REQUIRED ACTION: If a record holds a picture, leave the picture out and print everything else exactly.

DATA FOR THIS EXERCISE:
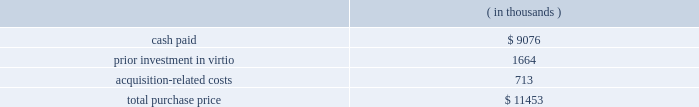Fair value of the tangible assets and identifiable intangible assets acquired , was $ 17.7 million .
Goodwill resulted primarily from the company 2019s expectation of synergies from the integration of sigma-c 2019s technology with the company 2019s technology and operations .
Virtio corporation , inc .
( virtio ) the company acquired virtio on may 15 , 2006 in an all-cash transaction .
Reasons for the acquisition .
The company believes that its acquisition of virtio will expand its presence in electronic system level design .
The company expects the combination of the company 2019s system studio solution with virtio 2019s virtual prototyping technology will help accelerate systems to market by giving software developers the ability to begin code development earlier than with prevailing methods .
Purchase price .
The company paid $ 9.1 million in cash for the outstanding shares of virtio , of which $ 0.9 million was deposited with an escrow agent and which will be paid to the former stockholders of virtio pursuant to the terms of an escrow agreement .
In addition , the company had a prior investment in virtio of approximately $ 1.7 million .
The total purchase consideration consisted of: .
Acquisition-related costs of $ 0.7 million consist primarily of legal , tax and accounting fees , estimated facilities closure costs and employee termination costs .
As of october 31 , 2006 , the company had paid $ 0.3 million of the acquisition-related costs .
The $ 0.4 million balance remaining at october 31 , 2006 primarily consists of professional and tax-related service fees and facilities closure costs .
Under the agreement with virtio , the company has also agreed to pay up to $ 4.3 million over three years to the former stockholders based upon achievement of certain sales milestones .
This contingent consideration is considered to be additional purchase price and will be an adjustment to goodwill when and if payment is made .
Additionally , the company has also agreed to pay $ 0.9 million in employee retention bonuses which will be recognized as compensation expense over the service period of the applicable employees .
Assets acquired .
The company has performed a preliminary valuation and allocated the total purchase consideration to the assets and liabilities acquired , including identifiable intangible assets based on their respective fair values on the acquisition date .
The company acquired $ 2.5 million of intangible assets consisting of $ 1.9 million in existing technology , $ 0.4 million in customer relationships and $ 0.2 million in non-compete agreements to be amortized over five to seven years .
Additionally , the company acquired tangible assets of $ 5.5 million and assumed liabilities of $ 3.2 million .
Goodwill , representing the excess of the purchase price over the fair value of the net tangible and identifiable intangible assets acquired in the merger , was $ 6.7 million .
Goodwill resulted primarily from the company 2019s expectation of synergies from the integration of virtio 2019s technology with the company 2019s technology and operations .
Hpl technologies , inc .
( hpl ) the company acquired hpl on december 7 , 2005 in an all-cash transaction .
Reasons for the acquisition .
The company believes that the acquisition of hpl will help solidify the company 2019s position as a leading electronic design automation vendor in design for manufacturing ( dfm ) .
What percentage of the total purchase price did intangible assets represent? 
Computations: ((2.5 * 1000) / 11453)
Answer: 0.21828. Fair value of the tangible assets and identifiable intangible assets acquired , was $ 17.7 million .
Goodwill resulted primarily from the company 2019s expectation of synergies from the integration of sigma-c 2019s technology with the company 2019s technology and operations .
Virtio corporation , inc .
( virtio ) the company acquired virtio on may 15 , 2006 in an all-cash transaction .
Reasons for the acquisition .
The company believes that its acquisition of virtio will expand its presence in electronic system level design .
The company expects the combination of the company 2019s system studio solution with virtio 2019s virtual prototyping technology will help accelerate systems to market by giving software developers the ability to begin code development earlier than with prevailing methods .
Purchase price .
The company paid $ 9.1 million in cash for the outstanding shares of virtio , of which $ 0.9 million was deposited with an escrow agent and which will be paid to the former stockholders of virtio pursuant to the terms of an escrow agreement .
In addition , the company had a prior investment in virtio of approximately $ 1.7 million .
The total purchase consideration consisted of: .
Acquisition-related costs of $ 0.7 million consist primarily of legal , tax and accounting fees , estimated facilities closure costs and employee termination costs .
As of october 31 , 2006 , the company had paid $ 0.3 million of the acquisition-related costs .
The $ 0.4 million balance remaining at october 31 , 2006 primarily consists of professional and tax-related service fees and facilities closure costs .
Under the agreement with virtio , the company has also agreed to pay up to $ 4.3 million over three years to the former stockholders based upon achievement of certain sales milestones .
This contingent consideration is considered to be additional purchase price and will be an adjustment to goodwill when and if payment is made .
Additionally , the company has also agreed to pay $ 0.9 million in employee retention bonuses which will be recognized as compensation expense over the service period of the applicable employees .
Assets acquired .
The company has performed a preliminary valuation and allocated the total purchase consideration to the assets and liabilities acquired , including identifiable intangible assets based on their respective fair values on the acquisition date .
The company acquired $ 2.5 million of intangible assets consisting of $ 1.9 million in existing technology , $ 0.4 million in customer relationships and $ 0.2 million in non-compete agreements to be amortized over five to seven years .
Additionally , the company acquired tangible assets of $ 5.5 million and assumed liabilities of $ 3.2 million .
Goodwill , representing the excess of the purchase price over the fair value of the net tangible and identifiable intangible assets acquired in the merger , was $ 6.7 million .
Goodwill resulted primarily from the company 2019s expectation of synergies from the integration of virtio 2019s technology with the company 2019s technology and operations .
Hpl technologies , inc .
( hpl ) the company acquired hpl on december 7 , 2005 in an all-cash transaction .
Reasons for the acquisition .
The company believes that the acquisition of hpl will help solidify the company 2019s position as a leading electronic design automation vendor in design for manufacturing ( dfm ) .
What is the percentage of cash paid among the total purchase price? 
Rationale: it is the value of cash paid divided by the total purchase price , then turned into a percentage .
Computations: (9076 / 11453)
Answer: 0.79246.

ANSWER BOX:
Fair value of the tangible assets and identifiable intangible assets acquired , was $ 17.7 million .
Goodwill resulted primarily from the company 2019s expectation of synergies from the integration of sigma-c 2019s technology with the company 2019s technology and operations .
Virtio corporation , inc .
( virtio ) the company acquired virtio on may 15 , 2006 in an all-cash transaction .
Reasons for the acquisition .
The company believes that its acquisition of virtio will expand its presence in electronic system level design .
The company expects the combination of the company 2019s system studio solution with virtio 2019s virtual prototyping technology will help accelerate systems to market by giving software developers the ability to begin code development earlier than with prevailing methods .
Purchase price .
The company paid $ 9.1 million in cash for the outstanding shares of virtio , of which $ 0.9 million was deposited with an escrow agent and which will be paid to the former stockholders of virtio pursuant to the terms of an escrow agreement .
In addition , the company had a prior investment in virtio of approximately $ 1.7 million .
The total purchase consideration consisted of: .
Acquisition-related costs of $ 0.7 million consist primarily of legal , tax and accounting fees , estimated facilities closure costs and employee termination costs .
As of october 31 , 2006 , the company had paid $ 0.3 million of the acquisition-related costs .
The $ 0.4 million balance remaining at october 31 , 2006 primarily consists of professional and tax-related service fees and facilities closure costs .
Under the agreement with virtio , the company has also agreed to pay up to $ 4.3 million over three years to the former stockholders based upon achievement of certain sales milestones .
This contingent consideration is considered to be additional purchase price and will be an adjustment to goodwill when and if payment is made .
Additionally , the company has also agreed to pay $ 0.9 million in employee retention bonuses which will be recognized as compensation expense over the service period of the applicable employees .
Assets acquired .
The company has performed a preliminary valuation and allocated the total purchase consideration to the assets and liabilities acquired , including identifiable intangible assets based on their respective fair values on the acquisition date .
The company acquired $ 2.5 million of intangible assets consisting of $ 1.9 million in existing technology , $ 0.4 million in customer relationships and $ 0.2 million in non-compete agreements to be amortized over five to seven years .
Additionally , the company acquired tangible assets of $ 5.5 million and assumed liabilities of $ 3.2 million .
Goodwill , representing the excess of the purchase price over the fair value of the net tangible and identifiable intangible assets acquired in the merger , was $ 6.7 million .
Goodwill resulted primarily from the company 2019s expectation of synergies from the integration of virtio 2019s technology with the company 2019s technology and operations .
Hpl technologies , inc .
( hpl ) the company acquired hpl on december 7 , 2005 in an all-cash transaction .
Reasons for the acquisition .
The company believes that the acquisition of hpl will help solidify the company 2019s position as a leading electronic design automation vendor in design for manufacturing ( dfm ) .
What percentage of the total purchase price did intangible assets represent? 
Computations: ((2.5 * 1000) / 11453)
Answer: 0.21828. Fair value of the tangible assets and identifiable intangible assets acquired , was $ 17.7 million .
Goodwill resulted primarily from the company 2019s expectation of synergies from the integration of sigma-c 2019s technology with the company 2019s technology and operations .
Virtio corporation , inc .
( virtio ) the company acquired virtio on may 15 , 2006 in an all-cash transaction .
Reasons for the acquisition .
The company believes that its acquisition of virtio will expand its presence in electronic system level design .
The company expects the combination of the company 2019s system studio solution with virtio 2019s virtual prototyping technology will help accelerate systems to market by giving software developers the ability to begin code development earlier than with prevailing methods .
Purchase price .
The company paid $ 9.1 million in cash for the outstanding shares of virtio , of which $ 0.9 million was deposited with an escrow agent and which will be paid to the former stockholders of virtio pursuant to the terms of an escrow agreement .
In addition , the company had a prior investment in virtio of approximately $ 1.7 million .
The total purchase consideration consisted of: .
Acquisition-related costs of $ 0.7 million consist primarily of legal , tax and accounting fees , estimated facilities closure costs and employee termination costs .
As of october 31 , 2006 , the company had paid $ 0.3 million of the acquisition-related costs .
The $ 0.4 million balance remaining at october 31 , 2006 primarily consists of professional and tax-related service fees and facilities closure costs .
Under the agreement with virtio , the company has also agreed to pay up to $ 4.3 million over three years to the former stockholders based upon achievement of certain sales milestones .
This contingent consideration is considered to be additional purchase price and will be an adjustment to goodwill when and if payment is made .
Additionally , the company has also agreed to pay $ 0.9 million in employee retention bonuses which will be recognized as compensation expense over the service period of the applicable employees .
Assets acquired .
The company has performed a preliminary valuation and allocated the total purchase consideration to the assets and liabilities acquired , including identifiable intangible assets based on their respective fair values on the acquisition date .
The company acquired $ 2.5 million of intangible assets consisting of $ 1.9 million in existing technology , $ 0.4 million in customer relationships and $ 0.2 million in non-compete agreements to be amortized over five to seven years .
Additionally , the company acquired tangible assets of $ 5.5 million and assumed liabilities of $ 3.2 million .
Goodwill , representing the excess of the purchase price over the fair value of the net tangible and identifiable intangible assets acquired in the merger , was $ 6.7 million .
Goodwill resulted primarily from the company 2019s expectation of synergies from the integration of virtio 2019s technology with the company 2019s technology and operations .
Hpl technologies , inc .
( hpl ) the company acquired hpl on december 7 , 2005 in an all-cash transaction .
Reasons for the acquisition .
The company believes that the acquisition of hpl will help solidify the company 2019s position as a leading electronic design automation vendor in design for manufacturing ( dfm ) .
What is the percentage of cash paid among the total purchase price? 
Rationale: it is the value of cash paid divided by the total purchase price , then turned into a percentage .
Computations: (9076 / 11453)
Answer: 0.79246.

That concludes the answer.